The echinoid fauna from the Tesero Member, including the new species, E. teseroensis, informs the spatial and temporal setting of echinoid survival through the end-Permian mass extinction interval. Furthermore, it provides clues as to the traits that may have conferred survival upon the miocidarid echinoids, including a potentially wide palaeoecological distribution globally. In the Tesero section and elsewhere during the Permian and Triassic, the miocidarid echinoids also appear to be associated with microbialites.
As with all aspects of echinoid macroevolution during the Permian–Triassic interval, the ability to test and formulate hypotheses is hindered by the rarity of specimens.

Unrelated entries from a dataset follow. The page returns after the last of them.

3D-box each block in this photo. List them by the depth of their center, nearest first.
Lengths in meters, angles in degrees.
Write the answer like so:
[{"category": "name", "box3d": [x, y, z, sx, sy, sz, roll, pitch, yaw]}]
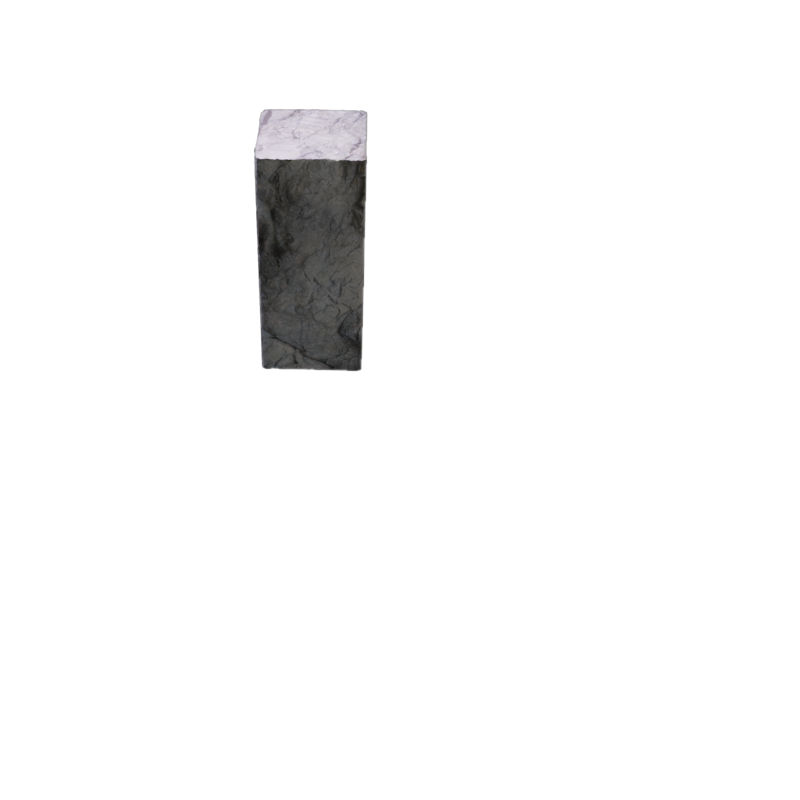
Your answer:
[{"category": "block", "box3d": [-0.074, -0.134, 0.940, 0.090, 0.193, 0.097, 2, 36, -1]}]
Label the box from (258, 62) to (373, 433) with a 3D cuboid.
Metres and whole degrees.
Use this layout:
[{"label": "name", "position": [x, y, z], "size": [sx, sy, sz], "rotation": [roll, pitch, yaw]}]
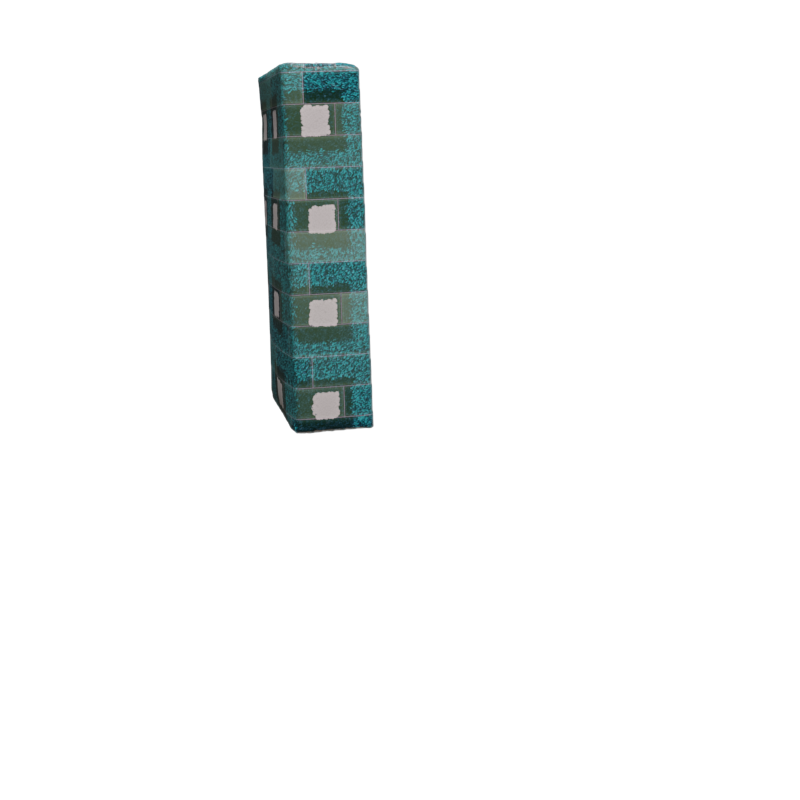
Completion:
[{"label": "box", "position": [-0.044, -0.081, 0.567], "size": [0.047, 0.174, 0.096], "rotation": [-1, 7, -13]}]

Identification and analysis of disarticulated material precisely tied into stratigraphic sections, as was the case with the material studied herein, provides a promising new research avenue for untangling the survival and extinction of echinoids during the EPME. Future work collecting and identifying further disarticulated material from uppermost Permian and Lower Triassic strata will likely provide a more sound understanding of the diversity and distribution of echinoids following the end-Permian extinction event.